Air raids force hospitals to shut in south Syria: monitor

AFP , Wednesday 27 Jun 2018

Smoke rises above opposition held areas of Daraa during airstrikes by Syrian regime forces on June 26, 2018. Russian-backed regime forces have for weeks been preparing an offensive to retake Syria's south, a strategic zone that borders both Jordan and the Israeli-occupied Golan Heights (Photo:AFP)

Air strikes on rebel-held parts of southern Syria put three hospitals out of service overnight as the government pressed a Russian-backed offensive to retake territory, a monitor said on Wednesday.

The Syrian Observatory for Human Rights said bombing raids, including by Russian warplanes, had damaged medical centres in the opposition-controlled towns of Saida, Al-Mseifra and Al-Jiza in Daraa province.

"The Saida hospital was put out of service after midnight, because of unidentified air strikes near the facility," said Observatory head Rami Abdel Rahman.

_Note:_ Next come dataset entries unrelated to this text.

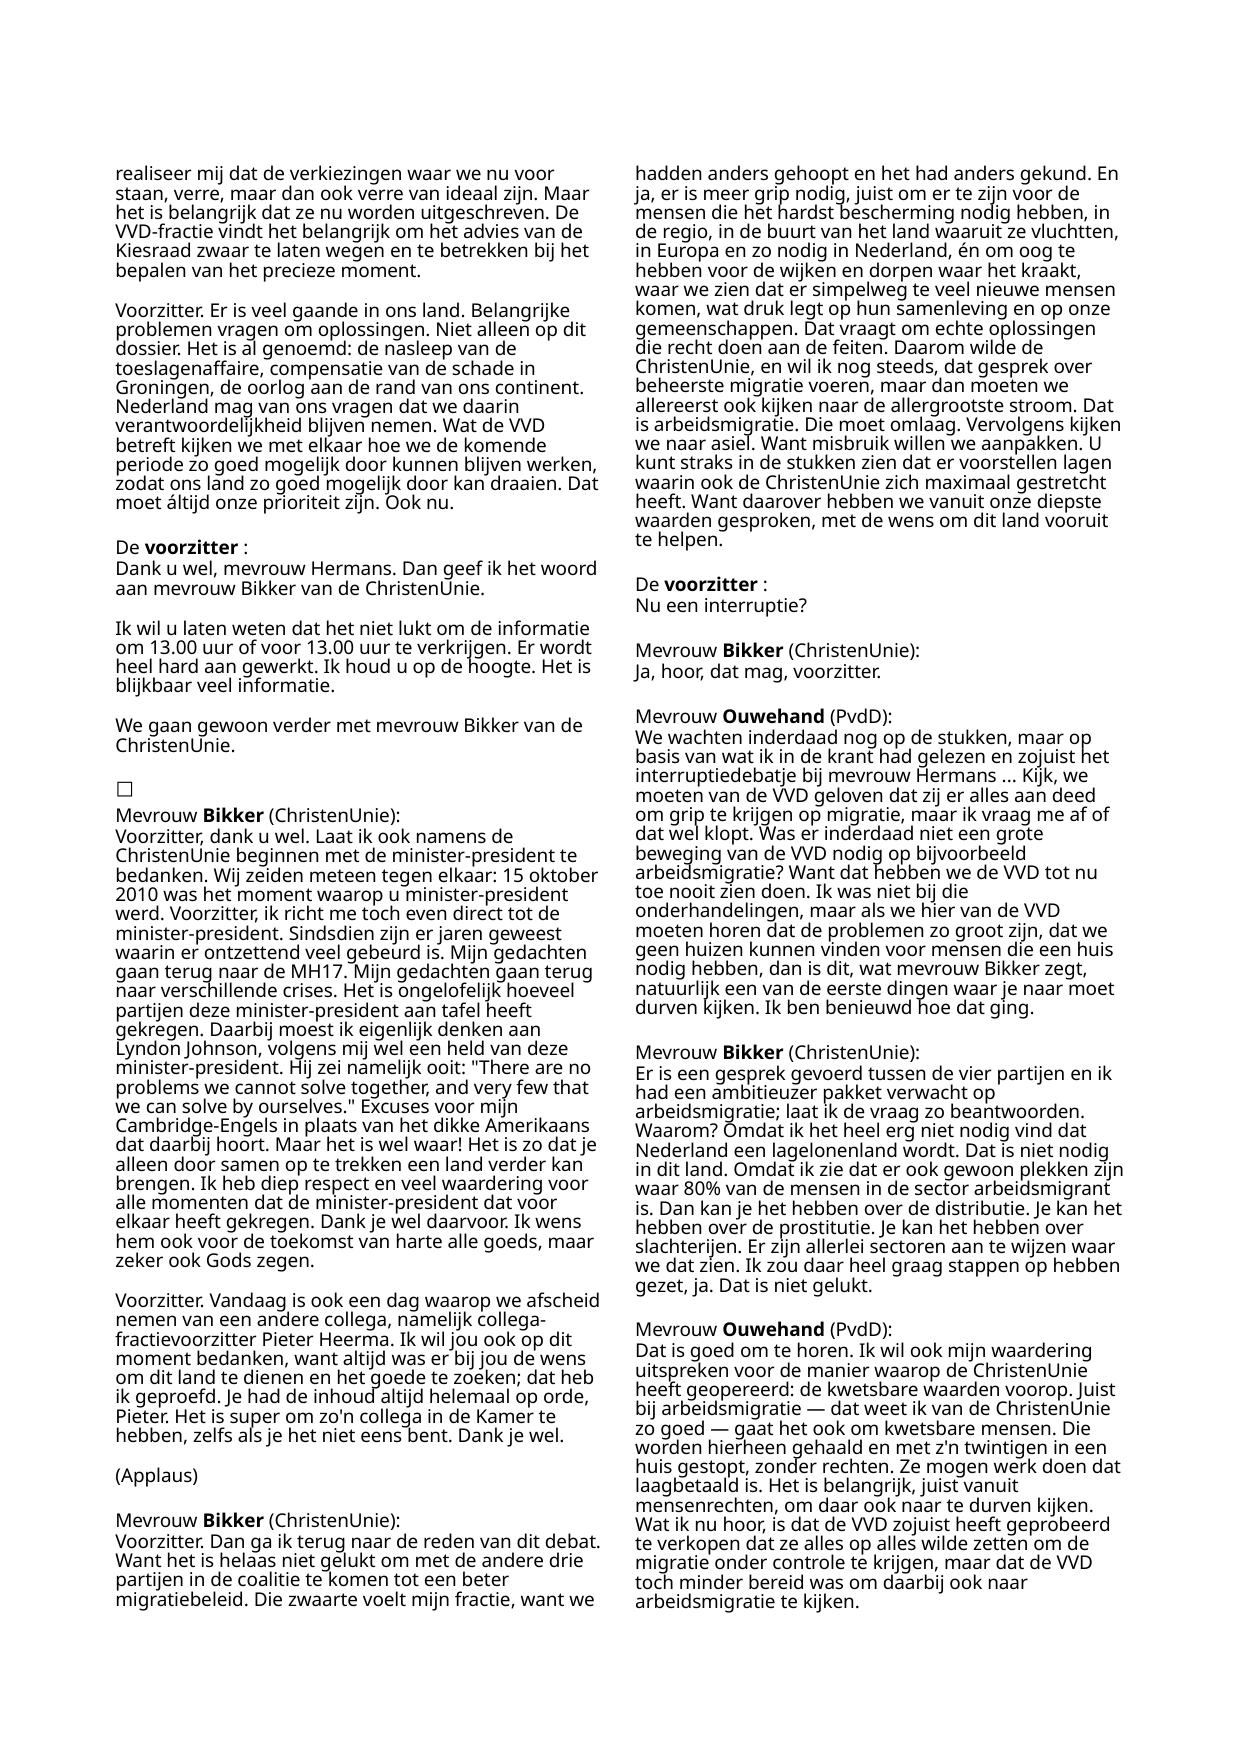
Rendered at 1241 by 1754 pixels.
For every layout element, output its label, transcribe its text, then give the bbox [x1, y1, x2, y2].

text Voorzitter, dank u wel. Laat ik ook namens de ChristenUnie beginnen met de minister-president te bedanken. Wij zeiden meteen tegen elkaar: 15 oktober 2010 was het moment waarop u minister-president werd. Voorzitter, ik richt me toch even direct tot de minister-president. Sindsdien zijn er jaren geweest waarin er ontzettend veel gebeurd is. Mijn gedachten gaan terug naar de MH17. Mijn gedachten gaan terug naar verschillende crises. Het is ongelofelijk hoeveel partijen deze minister-president aan tafel heeft gekregen. Daarbij moest ik eigenlijk denken aan Lyndon Johnson, volgens mij wel een held van deze minister-president. Hij zei namelijk ooit: "There are no problems we cannot solve together, and very few that we can solve by ourselves." Excuses voor mijn Cambridge-Engels in plaats van het dikke Amerikaans dat daarbij hoort. Maar het is wel waar! Het is zo dat je alleen door samen op te trekken een land verder kan brengen. Ik heb diep respect en veel waardering voor alle momenten dat de minister-president dat voor elkaar heeft gekregen. Dank je wel daarvoor. Ik wens hem ook voor de toekomst van harte alle goeds, maar zeker ook Gods zegen. [115, 828, 605, 1271]
text realiseer mij dat de verkiezingen waar we nu voor staan, verre, maar dan ook verre van ideaal zijn. Maar het is belangrijk dat ze nu worden uitgeschreven. De VVD-fractie vindt het belangrijk om het advies van de Kiesraad zwaar te laten wegen en te betrekken bij het bepalen van het precieze moment. [115, 165, 605, 281]
text Dank u wel, mevrouw Hermans. Dan geef ik het woord aan mevrouw Bikker van de ChristenUnie. [115, 560, 605, 599]
text We wachten inderdaad nog op de stukken, maar op basis van wat ik in de krant had gelezen en zojuist het interruptiedebatje bij mevrouw Hermans ... Kijk, we moeten van de VVD geloven dat zij er alles aan deed om grip te krijgen op migratie, maar ik vraag me af of dat wel klopt. Was er inderdaad niet een grote beweging van de VVD nodig op bijvoorbeeld arbeidsmigratie? Want dat hebben we de VVD tot nu toe nooit zien doen. Ik was niet bij die onderhandelingen, maar als we hier van de VVD moeten horen dat de problemen zo groot zijn, dat we geen huizen kunnen vinden voor mensen die een huis nodig hebben, dan is dit, wat mevrouw Bikker zegt, natuurlijk een van de eerste dingen waar je naar moet durven kijken. Ik ben benieuwd hoe dat ging. [635, 729, 1125, 1018]
text hadden anders gehoopt en het had anders gekund. En ja, er is meer grip nodig, juist om er te zijn voor de mensen die het hardst bescherming nodig hebben, in de regio, in de buurt van het land waaruit ze vluchtten, in Europa en zo nodig in Nederland, én om oog te hebben voor de wijken en dorpen waar het kraakt, waar we zien dat er simpelweg te veel nieuwe mensen komen, wat druk legt op hun samenleving en op onze gemeenschappen. Dat vraagt om echte oplossingen die recht doen aan de feiten. Daarom wilde de ChristenUnie, en wil ik nog steeds, dat gesprek over beheerste migratie voeren, maar dan moeten we allereerst ook kijken naar de allergrootste stroom. Dat is arbeidsmigratie. Die moet omlaag. Vervolgens kijken we naar asiel. Want misbruik willen we aanpakken. U kunt straks in de stukken zien dat er voorstellen lagen waarin ook de ChristenUnie zich maximaal gestretcht heeft. Want daarover hebben we vanuit onze diepste waarden gesproken, met de wens om dit land vooruit te helpen. [635, 165, 1125, 551]
text Voorzitter. Vandaag is ook een dag waarop we afscheid nemen van een andere collega, namelijk collega-fractievoorzitter Pieter Heerma. Ik wil jou ook op dit moment bedanken, want altijd was er bij jou de wens om dit land te dienen en het goede te zoeken; dat heb ik geproefd. Je had de inhoud altijd helemaal op orde, Pieter. Het is super om zo'n collega in de Kamer te hebben, zelfs als je het niet eens bent. Dank je wel. [115, 1292, 605, 1446]
text Voorzitter. Er is veel gaande in ons land. Belangrijke problemen vragen om oplossingen. Niet alleen op dit dossier. Het is al genoemd: de nasleep van de toeslagenaffaire, compensatie van de schade in Groningen, de oorlog aan de rand van ons continent. Nederland mag van ons vragen dat we daarin verantwoordelijkheid blijven nemen. Wat de VVD betreft kijken we met elkaar hoe we de komende periode zo goed mogelijk door kunnen blijven werken, zodat ons land zo goed mogelijk door kan draaien. Dat moet áltijd onze prioriteit zijn. Ook nu. [115, 302, 605, 514]
text We gaan gewoon verder met mevrouw Bikker van de ChristenUnie. [115, 717, 605, 756]
text (Applaus) [115, 1467, 605, 1486]
text Mevrouw Bikker (ChristenUnie): [635, 1039, 1125, 1064]
text Er is een gesprek gevoerd tussen de vier partijen en ik had een ambitieuzer pakket verwacht op arbeidsmigratie; laat ik de vraag zo beantwoorden. Waarom? Omdat ik het heel erg niet nodig vind dat Nederland een lagelonenland wordt. Dat is niet nodig in dit land. Omdat ik zie dat er ook gewoon plekken zijn waar 80% van de mensen in de sector arbeidsmigrant is. Dan kan je het hebben over de distributie. Je kan het hebben over de prostitutie. Je kan het hebben over slachterijen. Er zijn allerlei sectoren aan te wijzen waar we dat zien. Ik zou daar heel graag stappen op hebben gezet, ja. Dat is niet gelukt. [635, 1064, 1125, 1296]
text Mevrouw Bikker (ChristenUnie): [635, 637, 1125, 663]
text Ja, hoor, dat mag, voorzitter. [635, 663, 1125, 682]
text Mevrouw Ouwehand (PvdD): [635, 703, 1125, 729]
text De voorzitter : [115, 534, 605, 560]
text De voorzitter : [635, 572, 1125, 597]
text Ik wil u laten weten dat het niet lukt om de informatie om 13.00 uur of voor 13.00 uur te verkrijgen. Er wordt heel hard aan gewerkt. Ik houd u op de hoogte. Het is blijkbaar veel informatie. [115, 619, 605, 697]
text Mevrouw Ouwehand (PvdD): [635, 1317, 1125, 1342]
text Mevrouw Bikker (ChristenUnie): [115, 1507, 605, 1533]
text Voorzitter. Dan ga ik terug naar de reden van dit debat. Want het is helaas niet gelukt om met de andere drie partijen in de coalitie te komen tot een beter migratiebeleid. Die zwaarte voelt mijn fractie, want we [115, 1533, 605, 1610]
text ⬜ [115, 777, 605, 802]
text Dat is goed om te horen. Ik wil ook mijn waardering uitspreken voor de manier waarop de ChristenUnie heeft geopereerd: de kwetsbare waarden voorop. Juist bij arbeidsmigratie — dat weet ik van de ChristenUnie zo goed — gaat het ook om kwetsbare mensen. Die worden hierheen gehaald en met z'n twintigen in een huis gestopt, zonder rechten. Ze mogen werk doen dat laagbetaald is. Het is belangrijk, juist vanuit mensenrechten, om daar ook naar te durven kijken. Wat ik nu hoor, is dat de VVD zojuist heeft geprobeerd te verkopen dat ze alles op alles wilde zetten om de migratie onder controle te krijgen, maar dat de VVD toch minder bereid was om daarbij ook naar arbeidsmigratie te kijken. [635, 1342, 1125, 1612]
text Nu een interruptie? [635, 597, 1125, 617]
text Mevrouw Bikker (ChristenUnie): [115, 802, 605, 828]

Air strikes by planes identified as Russian then hit near the medical centre in Al-Mseifra, damaging it and forcing it to close, he said.

"The hospital in Al-Jiza was damaged this morning. There were Russian air strikes close to the hospital, which damaged it and put it out of service," Abdel Rahman added.

He had no immediate information on the fate of medical staff or the patients inside the facilities.

The recent closures bring to five the number of hospitals that have been put out of service by the Syrian government's week-long military push on the south.

Troops began ramping up air strikes, rocket fire and the dropping of barrel bombs on rebel territory in Daraa and neighbouring Quneitra province on June 19.

Russian warplanes then began striking, and troops launched an assault on the rebel-held half of Daraa city on Tuesday.

State news agency SANA said air strikes on Daraa were a prelude to an "advance into the southeastern quarter of the city."

The Observatory said heavy Russian and Syrian raids, rockets and barrel bombs were still hitting rebel-held neighbourhoods on Wednesday morning.

The Britain-based monitor, which relies on a network of sources inside Syria, says it relies on flight patterns, aircraft involved and ammunition used to determine who carries out air strikes.